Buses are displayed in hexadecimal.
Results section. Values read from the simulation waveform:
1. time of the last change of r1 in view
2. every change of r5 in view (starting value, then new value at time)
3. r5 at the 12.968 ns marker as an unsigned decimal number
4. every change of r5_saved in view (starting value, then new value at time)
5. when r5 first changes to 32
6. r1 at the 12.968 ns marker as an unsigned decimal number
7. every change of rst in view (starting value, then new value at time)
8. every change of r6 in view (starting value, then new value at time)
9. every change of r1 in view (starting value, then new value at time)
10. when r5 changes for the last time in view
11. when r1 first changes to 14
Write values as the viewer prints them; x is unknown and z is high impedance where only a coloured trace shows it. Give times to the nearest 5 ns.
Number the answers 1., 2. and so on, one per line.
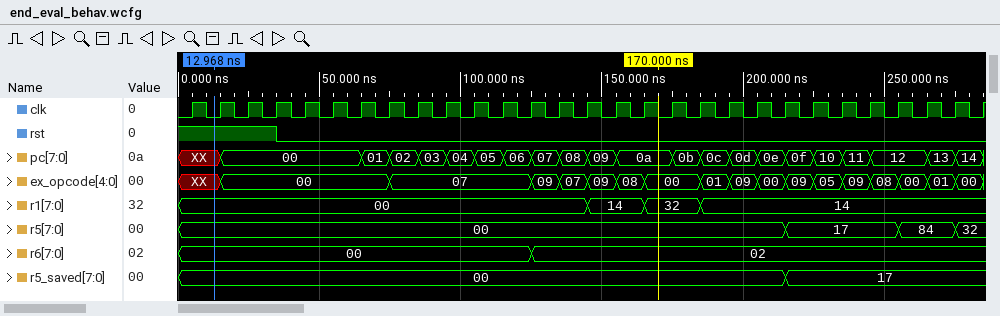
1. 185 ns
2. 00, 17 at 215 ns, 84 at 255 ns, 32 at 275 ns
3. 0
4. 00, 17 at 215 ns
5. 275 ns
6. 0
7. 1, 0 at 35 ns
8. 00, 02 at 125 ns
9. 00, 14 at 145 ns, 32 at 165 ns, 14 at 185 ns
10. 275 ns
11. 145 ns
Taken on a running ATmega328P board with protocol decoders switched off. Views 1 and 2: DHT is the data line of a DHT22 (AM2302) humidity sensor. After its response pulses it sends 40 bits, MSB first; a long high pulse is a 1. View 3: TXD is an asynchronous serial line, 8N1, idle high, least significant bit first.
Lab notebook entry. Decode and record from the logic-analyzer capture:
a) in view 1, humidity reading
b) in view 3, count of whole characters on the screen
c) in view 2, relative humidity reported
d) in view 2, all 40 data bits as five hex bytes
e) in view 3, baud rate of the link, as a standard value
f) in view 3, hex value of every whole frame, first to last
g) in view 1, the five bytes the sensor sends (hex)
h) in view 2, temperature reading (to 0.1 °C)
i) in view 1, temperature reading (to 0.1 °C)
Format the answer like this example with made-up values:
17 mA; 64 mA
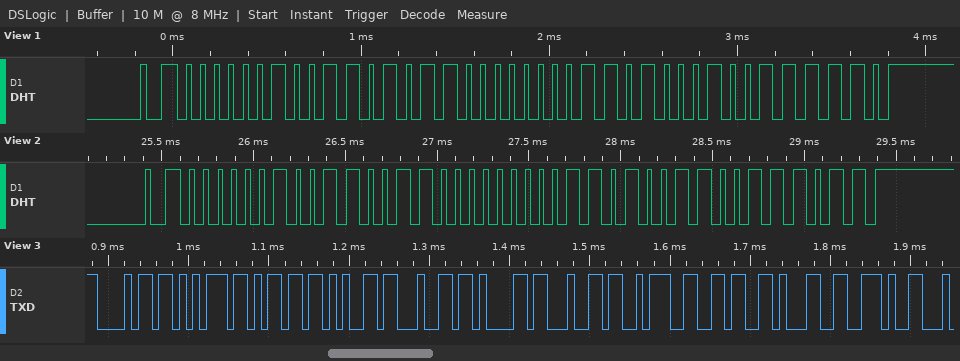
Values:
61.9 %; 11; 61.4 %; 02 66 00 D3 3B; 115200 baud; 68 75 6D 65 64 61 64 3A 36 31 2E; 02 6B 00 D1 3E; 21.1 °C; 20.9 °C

------------------------------------------------------------

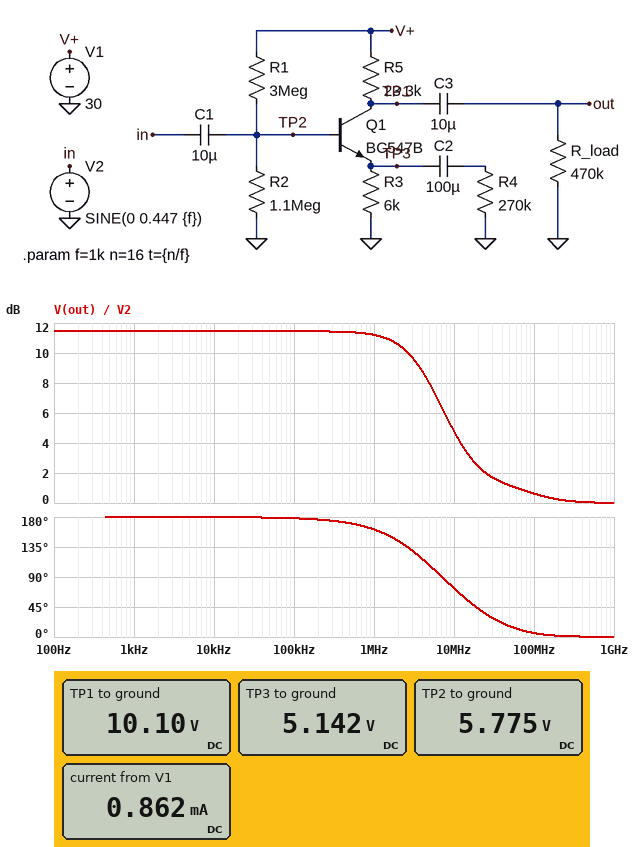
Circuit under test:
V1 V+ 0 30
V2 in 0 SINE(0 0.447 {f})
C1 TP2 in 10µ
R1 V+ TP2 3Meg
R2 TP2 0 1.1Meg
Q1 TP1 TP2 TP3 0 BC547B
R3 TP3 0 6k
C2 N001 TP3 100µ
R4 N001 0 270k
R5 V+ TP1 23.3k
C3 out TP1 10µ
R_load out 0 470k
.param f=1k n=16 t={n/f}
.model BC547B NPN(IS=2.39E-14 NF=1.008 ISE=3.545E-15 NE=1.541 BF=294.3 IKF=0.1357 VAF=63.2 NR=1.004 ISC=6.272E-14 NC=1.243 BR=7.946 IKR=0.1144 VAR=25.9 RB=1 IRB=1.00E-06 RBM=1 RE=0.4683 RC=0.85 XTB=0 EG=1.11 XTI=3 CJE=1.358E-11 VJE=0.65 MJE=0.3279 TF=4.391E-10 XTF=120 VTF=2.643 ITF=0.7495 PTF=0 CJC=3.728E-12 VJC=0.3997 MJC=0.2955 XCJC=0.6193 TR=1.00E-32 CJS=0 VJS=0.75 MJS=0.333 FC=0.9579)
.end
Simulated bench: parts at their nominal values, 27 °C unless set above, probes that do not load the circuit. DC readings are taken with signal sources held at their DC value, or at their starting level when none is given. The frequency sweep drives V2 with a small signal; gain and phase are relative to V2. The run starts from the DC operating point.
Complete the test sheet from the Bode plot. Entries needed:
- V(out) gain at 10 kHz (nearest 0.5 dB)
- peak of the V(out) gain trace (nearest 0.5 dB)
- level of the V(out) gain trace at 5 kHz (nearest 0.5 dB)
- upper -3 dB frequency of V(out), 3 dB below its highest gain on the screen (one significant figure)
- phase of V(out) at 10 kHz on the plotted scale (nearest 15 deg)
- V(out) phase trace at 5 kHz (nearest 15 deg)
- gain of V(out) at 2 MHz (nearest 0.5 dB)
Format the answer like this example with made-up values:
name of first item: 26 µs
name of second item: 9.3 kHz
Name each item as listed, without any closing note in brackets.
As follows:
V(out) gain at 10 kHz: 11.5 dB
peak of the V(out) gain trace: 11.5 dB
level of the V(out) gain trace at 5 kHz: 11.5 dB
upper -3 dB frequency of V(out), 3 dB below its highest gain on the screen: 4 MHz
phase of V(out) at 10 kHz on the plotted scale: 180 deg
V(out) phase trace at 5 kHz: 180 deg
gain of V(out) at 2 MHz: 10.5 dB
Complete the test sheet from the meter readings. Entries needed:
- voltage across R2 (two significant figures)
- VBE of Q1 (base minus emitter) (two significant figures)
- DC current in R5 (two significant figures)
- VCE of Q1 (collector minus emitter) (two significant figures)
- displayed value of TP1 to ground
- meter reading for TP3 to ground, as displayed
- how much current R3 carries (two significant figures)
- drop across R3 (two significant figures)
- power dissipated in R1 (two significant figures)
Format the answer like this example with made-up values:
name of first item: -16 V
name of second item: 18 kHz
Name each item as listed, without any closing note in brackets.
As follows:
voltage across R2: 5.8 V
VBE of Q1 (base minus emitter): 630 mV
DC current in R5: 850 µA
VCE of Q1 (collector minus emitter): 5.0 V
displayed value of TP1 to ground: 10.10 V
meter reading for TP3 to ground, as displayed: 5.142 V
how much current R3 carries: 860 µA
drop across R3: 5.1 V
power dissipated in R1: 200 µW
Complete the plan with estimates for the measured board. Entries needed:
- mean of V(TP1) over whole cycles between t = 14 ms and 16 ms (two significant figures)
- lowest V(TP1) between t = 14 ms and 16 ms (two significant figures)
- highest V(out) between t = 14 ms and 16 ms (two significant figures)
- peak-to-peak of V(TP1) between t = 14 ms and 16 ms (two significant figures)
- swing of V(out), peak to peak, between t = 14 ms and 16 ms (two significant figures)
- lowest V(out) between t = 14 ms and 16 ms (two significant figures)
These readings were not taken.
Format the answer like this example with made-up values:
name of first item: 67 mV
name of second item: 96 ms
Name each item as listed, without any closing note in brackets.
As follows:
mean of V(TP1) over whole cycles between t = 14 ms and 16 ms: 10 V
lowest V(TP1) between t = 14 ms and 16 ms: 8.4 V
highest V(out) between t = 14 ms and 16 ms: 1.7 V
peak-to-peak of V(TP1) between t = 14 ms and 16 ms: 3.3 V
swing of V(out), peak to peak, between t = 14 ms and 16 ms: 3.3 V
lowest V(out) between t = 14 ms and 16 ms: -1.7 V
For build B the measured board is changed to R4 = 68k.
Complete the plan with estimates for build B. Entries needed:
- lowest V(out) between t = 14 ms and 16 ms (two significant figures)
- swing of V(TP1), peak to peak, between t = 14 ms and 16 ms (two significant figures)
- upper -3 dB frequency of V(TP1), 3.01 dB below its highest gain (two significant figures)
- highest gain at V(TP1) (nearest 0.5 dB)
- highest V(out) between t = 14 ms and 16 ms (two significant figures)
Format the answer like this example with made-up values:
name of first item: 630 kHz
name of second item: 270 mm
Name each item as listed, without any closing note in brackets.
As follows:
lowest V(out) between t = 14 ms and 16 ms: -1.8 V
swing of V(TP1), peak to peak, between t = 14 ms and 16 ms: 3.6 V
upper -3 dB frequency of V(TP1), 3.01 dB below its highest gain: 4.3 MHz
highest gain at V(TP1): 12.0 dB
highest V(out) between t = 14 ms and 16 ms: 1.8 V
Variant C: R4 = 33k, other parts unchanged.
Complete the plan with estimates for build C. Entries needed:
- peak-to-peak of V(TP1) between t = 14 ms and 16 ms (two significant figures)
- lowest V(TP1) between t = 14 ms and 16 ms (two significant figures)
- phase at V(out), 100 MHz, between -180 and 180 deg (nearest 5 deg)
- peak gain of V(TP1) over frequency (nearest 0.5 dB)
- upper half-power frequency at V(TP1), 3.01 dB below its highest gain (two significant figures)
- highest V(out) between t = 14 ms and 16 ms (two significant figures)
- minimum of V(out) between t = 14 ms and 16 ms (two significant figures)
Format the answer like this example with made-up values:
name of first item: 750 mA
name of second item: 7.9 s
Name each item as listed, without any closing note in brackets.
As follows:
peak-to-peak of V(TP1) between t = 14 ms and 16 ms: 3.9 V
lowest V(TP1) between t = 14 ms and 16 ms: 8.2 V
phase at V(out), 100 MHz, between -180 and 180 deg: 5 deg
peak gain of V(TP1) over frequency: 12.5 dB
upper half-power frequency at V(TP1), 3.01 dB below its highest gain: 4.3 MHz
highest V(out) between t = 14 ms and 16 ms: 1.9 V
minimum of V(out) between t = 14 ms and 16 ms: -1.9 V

------------------------------------------------------------

Activity: Set down, exactly as they stand above, the lines starting with the line with "Complete the test sheet from the Bode" and going on through the line with "- V(out) phase", and no others.

Exercise solution:
Complete the test sheet from the Bode plot. Entries needed:
- V(out) gain at 10 kHz (nearest 0.5 dB)
- peak of the V(out) gain trace (nearest 0.5 dB)
- level of the V(out) gain trace at 5 kHz (nearest 0.5 dB)
- upper -3 dB frequency of V(out), 3 dB below its highest gain on the screen (one significant figure)
- phase of V(out) at 10 kHz on the plotted scale (nearest 15 deg)
- V(out) phase trace at 5 kHz (nearest 15 deg)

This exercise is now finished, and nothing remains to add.